===== Records supplied
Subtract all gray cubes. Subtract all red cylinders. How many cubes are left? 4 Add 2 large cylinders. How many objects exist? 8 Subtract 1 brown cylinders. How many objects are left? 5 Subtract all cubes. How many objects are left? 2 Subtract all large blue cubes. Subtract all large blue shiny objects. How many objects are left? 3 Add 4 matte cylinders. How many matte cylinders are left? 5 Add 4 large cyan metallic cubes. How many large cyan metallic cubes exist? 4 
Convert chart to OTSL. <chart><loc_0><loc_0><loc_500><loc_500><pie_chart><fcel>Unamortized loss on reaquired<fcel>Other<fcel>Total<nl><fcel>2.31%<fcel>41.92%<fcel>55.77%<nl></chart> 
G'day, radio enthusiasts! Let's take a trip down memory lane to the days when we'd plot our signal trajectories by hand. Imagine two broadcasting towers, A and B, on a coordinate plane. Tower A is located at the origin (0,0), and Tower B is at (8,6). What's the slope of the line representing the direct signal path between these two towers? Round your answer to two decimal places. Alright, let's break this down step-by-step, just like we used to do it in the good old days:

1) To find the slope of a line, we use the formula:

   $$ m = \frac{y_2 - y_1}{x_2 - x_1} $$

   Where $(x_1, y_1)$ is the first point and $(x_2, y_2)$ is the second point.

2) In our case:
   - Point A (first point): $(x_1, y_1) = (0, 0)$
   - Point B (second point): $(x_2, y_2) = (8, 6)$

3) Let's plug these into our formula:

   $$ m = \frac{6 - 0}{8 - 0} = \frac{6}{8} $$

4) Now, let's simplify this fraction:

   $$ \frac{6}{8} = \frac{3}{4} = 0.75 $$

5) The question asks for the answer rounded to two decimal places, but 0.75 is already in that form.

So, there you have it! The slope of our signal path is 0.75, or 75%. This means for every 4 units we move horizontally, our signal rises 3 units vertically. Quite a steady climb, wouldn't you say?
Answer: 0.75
==========
*Aim of the task*
Quote verbatim the line containing "So, there you" and every line after it through the end of the records above.

*Answer space*
So, there you have it! The slope of our signal path is 0.75, or 75%. This means for every 4 units we move horizontally, our signal rises 3 units vertically. Quite a steady climb, wouldn't you say?
Answer: 0.75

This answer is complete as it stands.